We don’t read or teach much about poet Sidney Lanier (1842-1881) today, but he ranks with Walt Whitman, Emily Dickinson and Herman Melville for the poets who contributed significantly to the making of 19th century American poetry. A native of Georgia, he fought for the South in the Civil War, and landed in a Union prison camp as a result – where he contracted the tuberculosis that would eventually kill him.

He’s known for a number of poems, including “The Symphony,” in which he wrote a part for each instrument. He loved music; it had been a major part of his childhood and music was a major influence on his poems. The year before he died, he published a study entitled The Science of English Verse, which “explored the connections between musical notation and meter in poetry.”
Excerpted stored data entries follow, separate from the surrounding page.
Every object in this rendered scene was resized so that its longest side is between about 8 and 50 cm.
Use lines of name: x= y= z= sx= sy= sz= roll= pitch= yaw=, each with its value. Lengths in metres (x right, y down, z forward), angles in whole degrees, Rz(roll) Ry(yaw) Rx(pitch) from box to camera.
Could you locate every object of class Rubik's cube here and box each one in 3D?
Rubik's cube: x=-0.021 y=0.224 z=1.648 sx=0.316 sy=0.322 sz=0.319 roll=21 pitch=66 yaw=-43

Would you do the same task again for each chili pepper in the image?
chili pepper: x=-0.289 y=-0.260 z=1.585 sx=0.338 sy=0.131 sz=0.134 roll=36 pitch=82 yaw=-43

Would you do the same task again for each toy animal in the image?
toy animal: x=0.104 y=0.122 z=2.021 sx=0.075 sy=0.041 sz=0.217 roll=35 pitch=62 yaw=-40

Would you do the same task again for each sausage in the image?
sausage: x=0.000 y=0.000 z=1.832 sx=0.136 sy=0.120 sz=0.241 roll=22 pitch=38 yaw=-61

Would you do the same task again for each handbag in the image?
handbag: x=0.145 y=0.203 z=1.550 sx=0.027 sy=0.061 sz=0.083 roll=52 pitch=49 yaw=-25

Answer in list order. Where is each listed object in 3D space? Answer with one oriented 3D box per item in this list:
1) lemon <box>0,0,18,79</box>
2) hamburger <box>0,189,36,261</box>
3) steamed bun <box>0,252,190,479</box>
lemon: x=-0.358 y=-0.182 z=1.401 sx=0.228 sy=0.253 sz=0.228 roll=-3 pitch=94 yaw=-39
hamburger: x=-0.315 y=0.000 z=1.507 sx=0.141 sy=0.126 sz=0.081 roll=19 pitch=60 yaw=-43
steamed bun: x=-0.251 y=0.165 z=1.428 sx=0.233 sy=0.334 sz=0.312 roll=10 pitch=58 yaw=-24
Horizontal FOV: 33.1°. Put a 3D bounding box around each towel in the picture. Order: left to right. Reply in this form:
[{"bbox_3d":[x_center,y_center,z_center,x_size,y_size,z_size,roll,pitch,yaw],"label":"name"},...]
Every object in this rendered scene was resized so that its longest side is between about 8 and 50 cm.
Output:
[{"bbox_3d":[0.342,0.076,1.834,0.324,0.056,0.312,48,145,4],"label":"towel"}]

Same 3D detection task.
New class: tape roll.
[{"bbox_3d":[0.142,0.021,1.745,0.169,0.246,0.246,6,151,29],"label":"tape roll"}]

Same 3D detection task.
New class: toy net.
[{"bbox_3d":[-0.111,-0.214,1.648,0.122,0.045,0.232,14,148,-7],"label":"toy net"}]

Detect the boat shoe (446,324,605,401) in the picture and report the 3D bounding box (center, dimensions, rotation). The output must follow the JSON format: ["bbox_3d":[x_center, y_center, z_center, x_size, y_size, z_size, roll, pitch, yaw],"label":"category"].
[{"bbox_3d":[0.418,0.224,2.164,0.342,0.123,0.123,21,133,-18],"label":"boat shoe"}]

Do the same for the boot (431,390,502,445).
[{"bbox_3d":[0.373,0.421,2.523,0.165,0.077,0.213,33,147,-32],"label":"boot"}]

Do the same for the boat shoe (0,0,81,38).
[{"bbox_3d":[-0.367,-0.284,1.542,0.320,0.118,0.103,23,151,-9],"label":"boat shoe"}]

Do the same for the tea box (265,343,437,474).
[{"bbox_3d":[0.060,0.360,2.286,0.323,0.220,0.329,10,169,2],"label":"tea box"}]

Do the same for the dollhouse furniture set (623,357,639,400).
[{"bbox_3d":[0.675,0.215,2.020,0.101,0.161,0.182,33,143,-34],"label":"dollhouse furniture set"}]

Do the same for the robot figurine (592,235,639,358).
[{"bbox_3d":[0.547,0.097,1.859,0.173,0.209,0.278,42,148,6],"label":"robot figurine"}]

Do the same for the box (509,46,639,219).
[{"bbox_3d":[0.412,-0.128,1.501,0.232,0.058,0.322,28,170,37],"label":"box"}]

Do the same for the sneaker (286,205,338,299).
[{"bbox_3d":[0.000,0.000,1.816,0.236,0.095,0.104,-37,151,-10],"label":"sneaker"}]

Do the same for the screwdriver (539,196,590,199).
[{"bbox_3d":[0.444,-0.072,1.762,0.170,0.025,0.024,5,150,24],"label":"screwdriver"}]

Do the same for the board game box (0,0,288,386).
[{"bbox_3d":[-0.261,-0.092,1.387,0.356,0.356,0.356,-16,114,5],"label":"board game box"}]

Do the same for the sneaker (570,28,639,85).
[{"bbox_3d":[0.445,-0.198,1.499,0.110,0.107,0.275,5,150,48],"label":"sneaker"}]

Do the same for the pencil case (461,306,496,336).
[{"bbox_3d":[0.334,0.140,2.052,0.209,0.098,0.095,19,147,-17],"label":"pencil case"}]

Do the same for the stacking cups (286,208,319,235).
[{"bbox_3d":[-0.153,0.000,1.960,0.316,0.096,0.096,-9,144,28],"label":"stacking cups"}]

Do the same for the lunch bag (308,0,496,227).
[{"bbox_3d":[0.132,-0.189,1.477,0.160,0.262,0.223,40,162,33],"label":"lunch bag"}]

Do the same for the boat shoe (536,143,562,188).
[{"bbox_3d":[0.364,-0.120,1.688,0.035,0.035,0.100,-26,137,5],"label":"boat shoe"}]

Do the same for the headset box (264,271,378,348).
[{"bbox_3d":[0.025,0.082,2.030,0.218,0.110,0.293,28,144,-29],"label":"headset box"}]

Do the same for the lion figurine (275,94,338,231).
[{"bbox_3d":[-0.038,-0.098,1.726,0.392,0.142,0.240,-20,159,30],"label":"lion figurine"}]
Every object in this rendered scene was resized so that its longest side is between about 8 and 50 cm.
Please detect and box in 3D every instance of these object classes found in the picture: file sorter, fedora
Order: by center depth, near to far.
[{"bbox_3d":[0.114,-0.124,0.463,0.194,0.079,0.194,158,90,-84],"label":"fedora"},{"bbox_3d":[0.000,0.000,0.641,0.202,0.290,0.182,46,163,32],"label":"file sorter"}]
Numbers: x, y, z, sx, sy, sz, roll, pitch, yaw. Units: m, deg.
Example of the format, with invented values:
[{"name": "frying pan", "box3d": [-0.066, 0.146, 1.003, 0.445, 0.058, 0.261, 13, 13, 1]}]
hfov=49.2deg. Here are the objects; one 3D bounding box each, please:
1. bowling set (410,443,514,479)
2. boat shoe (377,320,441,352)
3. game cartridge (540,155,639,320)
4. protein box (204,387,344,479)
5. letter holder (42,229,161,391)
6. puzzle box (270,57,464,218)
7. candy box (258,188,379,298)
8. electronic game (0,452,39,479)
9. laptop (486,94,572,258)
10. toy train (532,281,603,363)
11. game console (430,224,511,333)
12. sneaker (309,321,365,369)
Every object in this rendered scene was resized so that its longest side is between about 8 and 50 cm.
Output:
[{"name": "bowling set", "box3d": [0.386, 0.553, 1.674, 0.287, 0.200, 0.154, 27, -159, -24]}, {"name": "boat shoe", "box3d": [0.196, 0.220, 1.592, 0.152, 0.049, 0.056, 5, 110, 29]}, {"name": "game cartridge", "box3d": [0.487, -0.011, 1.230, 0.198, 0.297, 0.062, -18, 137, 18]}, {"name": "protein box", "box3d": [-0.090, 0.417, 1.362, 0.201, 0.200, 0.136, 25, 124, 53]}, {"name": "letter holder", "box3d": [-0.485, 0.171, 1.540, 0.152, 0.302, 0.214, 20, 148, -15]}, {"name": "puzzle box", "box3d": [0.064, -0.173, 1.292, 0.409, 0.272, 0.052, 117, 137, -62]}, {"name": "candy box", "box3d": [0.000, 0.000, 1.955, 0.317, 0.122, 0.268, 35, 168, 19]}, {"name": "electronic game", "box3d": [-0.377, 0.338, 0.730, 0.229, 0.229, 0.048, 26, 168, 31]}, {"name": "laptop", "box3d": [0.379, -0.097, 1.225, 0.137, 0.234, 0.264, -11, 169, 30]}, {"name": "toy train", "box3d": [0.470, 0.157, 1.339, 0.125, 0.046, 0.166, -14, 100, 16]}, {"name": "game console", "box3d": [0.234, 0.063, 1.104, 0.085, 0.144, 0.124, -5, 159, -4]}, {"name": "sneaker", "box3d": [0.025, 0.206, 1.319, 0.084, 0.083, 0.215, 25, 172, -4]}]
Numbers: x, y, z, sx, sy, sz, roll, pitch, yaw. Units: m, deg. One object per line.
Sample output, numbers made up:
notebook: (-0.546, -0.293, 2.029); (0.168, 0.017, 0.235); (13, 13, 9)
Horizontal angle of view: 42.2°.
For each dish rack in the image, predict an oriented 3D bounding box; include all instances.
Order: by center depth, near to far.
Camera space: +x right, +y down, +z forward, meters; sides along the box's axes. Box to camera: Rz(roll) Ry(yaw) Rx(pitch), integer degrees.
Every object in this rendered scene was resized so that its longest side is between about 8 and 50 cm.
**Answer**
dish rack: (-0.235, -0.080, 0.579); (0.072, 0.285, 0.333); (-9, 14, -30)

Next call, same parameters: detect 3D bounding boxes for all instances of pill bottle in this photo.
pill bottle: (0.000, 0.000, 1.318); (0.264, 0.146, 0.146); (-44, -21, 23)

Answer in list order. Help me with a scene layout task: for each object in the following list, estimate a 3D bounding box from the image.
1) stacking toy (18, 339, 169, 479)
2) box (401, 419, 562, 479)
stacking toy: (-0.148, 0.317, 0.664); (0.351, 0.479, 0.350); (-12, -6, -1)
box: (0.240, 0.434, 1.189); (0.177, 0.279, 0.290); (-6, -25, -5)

In his last days, he was a lecturer and faculty member at Johns Hopkins University, where he taught the English novelists, Shakespeare, the Elizabethan sonnets, Chaucer, and the Anglo-Saxon poets. A series of lectures entitled The English Novel was published posthumously. He died at age 39, and was buried in Baltimore.

This poem, “A Ballad of Trees and the Master,” was published after his death. It is the story of Jesus in the Garden of Gethsemane, alone, about to be betrayed, about to be forsaken. It seems especially appropriate for the Lenten season and the upcoming Holy Week.

A Ballad of Trees and the Master

Into the woods my Master went,
Clean forspent, forspent.
Into the woods my Master came,
Forspent with love and shame.
But the olives they were not blind to Him,
The little gray leaves were kind to Him:
The thorn-tree had a mind to Him
When into the woods He came.

Out of the woods my Master went,
And He was well content.
Out of the woods my Master came,
Content with death and shame.
When Death and Shame would woo Him last,
From under the trees they drew Him last:
'Twas on a tree they slew Him -- last
When out of the woods He came.

The Poetry Foundation has a critical essay about Lanier, and Poetry Reincarnations has published ananimated version of this poem.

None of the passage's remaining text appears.